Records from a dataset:
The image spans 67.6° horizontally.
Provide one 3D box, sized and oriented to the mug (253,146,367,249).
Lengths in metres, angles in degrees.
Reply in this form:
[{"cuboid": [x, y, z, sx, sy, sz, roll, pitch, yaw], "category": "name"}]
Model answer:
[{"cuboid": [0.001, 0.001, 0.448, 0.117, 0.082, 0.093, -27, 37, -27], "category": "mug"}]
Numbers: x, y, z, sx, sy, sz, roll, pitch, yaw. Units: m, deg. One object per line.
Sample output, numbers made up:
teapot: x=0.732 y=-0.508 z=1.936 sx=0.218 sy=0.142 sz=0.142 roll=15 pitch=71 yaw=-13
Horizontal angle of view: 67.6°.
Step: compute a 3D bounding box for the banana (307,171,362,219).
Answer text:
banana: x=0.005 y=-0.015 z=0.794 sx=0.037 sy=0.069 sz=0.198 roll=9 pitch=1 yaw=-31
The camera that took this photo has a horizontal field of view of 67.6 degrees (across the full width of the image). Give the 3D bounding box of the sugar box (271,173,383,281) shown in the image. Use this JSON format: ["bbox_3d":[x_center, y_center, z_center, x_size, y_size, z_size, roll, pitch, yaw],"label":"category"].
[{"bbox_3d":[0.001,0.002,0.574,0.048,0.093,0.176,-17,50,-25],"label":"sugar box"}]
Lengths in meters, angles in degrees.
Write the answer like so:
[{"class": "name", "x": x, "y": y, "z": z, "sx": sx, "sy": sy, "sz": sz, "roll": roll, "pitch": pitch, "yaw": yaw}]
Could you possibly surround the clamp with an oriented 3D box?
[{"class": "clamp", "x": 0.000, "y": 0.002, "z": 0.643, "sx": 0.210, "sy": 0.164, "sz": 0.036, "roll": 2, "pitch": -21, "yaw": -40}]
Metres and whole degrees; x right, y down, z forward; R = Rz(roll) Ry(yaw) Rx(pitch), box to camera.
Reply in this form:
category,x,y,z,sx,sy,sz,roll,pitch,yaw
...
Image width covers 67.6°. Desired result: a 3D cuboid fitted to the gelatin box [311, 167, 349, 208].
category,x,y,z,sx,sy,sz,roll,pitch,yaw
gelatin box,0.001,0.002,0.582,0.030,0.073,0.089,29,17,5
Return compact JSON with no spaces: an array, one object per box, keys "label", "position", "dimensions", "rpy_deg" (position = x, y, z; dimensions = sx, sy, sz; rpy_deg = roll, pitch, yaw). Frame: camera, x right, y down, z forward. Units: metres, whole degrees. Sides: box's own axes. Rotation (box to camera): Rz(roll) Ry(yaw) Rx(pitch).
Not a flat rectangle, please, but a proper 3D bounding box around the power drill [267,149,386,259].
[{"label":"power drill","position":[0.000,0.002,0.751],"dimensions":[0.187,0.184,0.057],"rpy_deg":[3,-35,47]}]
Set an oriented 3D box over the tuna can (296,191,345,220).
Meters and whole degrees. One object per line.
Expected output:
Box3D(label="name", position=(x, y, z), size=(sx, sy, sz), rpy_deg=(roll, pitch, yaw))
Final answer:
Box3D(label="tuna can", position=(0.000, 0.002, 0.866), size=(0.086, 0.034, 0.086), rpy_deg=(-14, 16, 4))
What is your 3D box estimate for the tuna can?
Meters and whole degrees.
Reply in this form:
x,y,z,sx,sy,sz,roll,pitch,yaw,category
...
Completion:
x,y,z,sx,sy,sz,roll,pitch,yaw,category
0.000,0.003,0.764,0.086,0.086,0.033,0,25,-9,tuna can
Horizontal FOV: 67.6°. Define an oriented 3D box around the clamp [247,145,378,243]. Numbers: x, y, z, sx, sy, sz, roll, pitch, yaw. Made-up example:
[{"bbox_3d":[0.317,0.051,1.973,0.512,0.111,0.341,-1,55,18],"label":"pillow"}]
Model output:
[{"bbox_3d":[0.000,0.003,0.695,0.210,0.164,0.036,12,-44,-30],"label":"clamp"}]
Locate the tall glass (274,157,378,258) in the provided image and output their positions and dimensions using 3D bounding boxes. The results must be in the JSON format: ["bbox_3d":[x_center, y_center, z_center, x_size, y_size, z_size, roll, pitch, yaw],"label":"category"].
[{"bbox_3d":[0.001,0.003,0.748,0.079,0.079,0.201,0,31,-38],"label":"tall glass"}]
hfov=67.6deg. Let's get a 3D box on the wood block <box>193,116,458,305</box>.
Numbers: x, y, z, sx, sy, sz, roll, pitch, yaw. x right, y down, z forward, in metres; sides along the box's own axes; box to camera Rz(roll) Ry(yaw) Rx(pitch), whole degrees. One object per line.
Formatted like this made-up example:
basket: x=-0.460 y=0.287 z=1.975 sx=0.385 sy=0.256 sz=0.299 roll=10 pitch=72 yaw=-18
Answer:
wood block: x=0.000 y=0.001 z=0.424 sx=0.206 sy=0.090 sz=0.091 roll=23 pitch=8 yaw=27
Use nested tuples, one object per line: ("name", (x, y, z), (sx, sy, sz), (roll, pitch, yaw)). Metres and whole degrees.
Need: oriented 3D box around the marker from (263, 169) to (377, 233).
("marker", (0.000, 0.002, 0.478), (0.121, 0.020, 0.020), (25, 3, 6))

Task to complete: Repeat every line of the data, exactly and in full.

Solved problem:
The image spans 67.6° horizontally.
Provide one 3D box, sized and oriented to the mug (253,146,367,249).
Lengths in metres, angles in degrees.
Reply in this form:
[{"cuboid": [x, y, z, sx, sy, sz, roll, pitch, yaw], "category": "name"}]
Model answer:
[{"cuboid": [0.001, 0.001, 0.448, 0.117, 0.082, 0.093, -27, 37, -27], "category": "mug"}]
Numbers: x, y, z, sx, sy, sz, roll, pitch, yaw. Units: m, deg. One object per line.
Sample output, numbers made up:
teapot: x=0.732 y=-0.508 z=1.936 sx=0.218 sy=0.142 sz=0.142 roll=15 pitch=71 yaw=-13
Horizontal angle of view: 67.6°.
Step: compute a 3D bounding box for the banana (307,171,362,219).
Answer text:
banana: x=0.005 y=-0.015 z=0.794 sx=0.037 sy=0.069 sz=0.198 roll=9 pitch=1 yaw=-31
The camera that took this photo has a horizontal field of view of 67.6 degrees (across the full width of the image). Give the 3D bounding box of the sugar box (271,173,383,281) shown in the image. Use this JSON format: ["bbox_3d":[x_center, y_center, z_center, x_size, y_size, z_size, roll, pitch, yaw],"label":"category"].
[{"bbox_3d":[0.001,0.002,0.574,0.048,0.093,0.176,-17,50,-25],"label":"sugar box"}]
Lengths in meters, angles in degrees.
Write the answer like so:
[{"class": "name", "x": x, "y": y, "z": z, "sx": sx, "sy": sy, "sz": sz, "roll": roll, "pitch": pitch, "yaw": yaw}]
Could you possibly surround the clamp with an oriented 3D box?
[{"class": "clamp", "x": 0.000, "y": 0.002, "z": 0.643, "sx": 0.210, "sy": 0.164, "sz": 0.036, "roll": 2, "pitch": -21, "yaw": -40}]
Metres and whole degrees; x right, y down, z forward; R = Rz(roll) Ry(yaw) Rx(pitch), box to camera.
Reply in this form:
category,x,y,z,sx,sy,sz,roll,pitch,yaw
...
Image width covers 67.6°. Desired result: a 3D cuboid fitted to the gelatin box [311, 167, 349, 208].
category,x,y,z,sx,sy,sz,roll,pitch,yaw
gelatin box,0.001,0.002,0.582,0.030,0.073,0.089,29,17,5
Return compact JSON with no spaces: an array, one object per box, keys "label", "position", "dimensions", "rpy_deg" (position = x, y, z; dimensions = sx, sy, sz; rpy_deg = roll, pitch, yaw). Frame: camera, x right, y down, z forward. Units: metres, whole degrees. Sides: box's own axes. Rotation (box to camera): Rz(roll) Ry(yaw) Rx(pitch).
Not a flat rectangle, please, but a proper 3D bounding box around the power drill [267,149,386,259].
[{"label":"power drill","position":[0.000,0.002,0.751],"dimensions":[0.187,0.184,0.057],"rpy_deg":[3,-35,47]}]
Set an oriented 3D box over the tuna can (296,191,345,220).
Meters and whole degrees. One object per line.
Expected output:
Box3D(label="name", position=(x, y, z), size=(sx, sy, sz), rpy_deg=(roll, pitch, yaw))
Final answer:
Box3D(label="tuna can", position=(0.000, 0.002, 0.866), size=(0.086, 0.034, 0.086), rpy_deg=(-14, 16, 4))
What is your 3D box estimate for the tuna can?
Meters and whole degrees.
Reply in this form:
x,y,z,sx,sy,sz,roll,pitch,yaw,category
...
Completion:
x,y,z,sx,sy,sz,roll,pitch,yaw,category
0.000,0.003,0.764,0.086,0.086,0.033,0,25,-9,tuna can
Horizontal FOV: 67.6°. Define an oriented 3D box around the clamp [247,145,378,243]. Numbers: x, y, z, sx, sy, sz, roll, pitch, yaw. Made-up example:
[{"bbox_3d":[0.317,0.051,1.973,0.512,0.111,0.341,-1,55,18],"label":"pillow"}]
Model output:
[{"bbox_3d":[0.000,0.003,0.695,0.210,0.164,0.036,12,-44,-30],"label":"clamp"}]
Locate the tall glass (274,157,378,258) in the provided image and output their positions and dimensions using 3D bounding boxes. The results must be in the JSON format: ["bbox_3d":[x_center, y_center, z_center, x_size, y_size, z_size, roll, pitch, yaw],"label":"category"].
[{"bbox_3d":[0.001,0.003,0.748,0.079,0.079,0.201,0,31,-38],"label":"tall glass"}]
hfov=67.6deg. Let's get a 3D box on the wood block <box>193,116,458,305</box>.
Numbers: x, y, z, sx, sy, sz, roll, pitch, yaw. x right, y down, z forward, in metres; sides along the box's own axes; box to camera Rz(roll) Ry(yaw) Rx(pitch), whole degrees. One object per line.
Formatted like this made-up example:
basket: x=-0.460 y=0.287 z=1.975 sx=0.385 sy=0.256 sz=0.299 roll=10 pitch=72 yaw=-18
Answer:
wood block: x=0.000 y=0.001 z=0.424 sx=0.206 sy=0.090 sz=0.091 roll=23 pitch=8 yaw=27
Use nested tuples, one object per line: ("name", (x, y, z), (sx, sy, sz), (roll, pitch, yaw)). Metres and whole degrees.
Need: oriented 3D box around the marker from (263, 169) to (377, 233).
("marker", (0.000, 0.002, 0.478), (0.121, 0.020, 0.020), (25, 3, 6))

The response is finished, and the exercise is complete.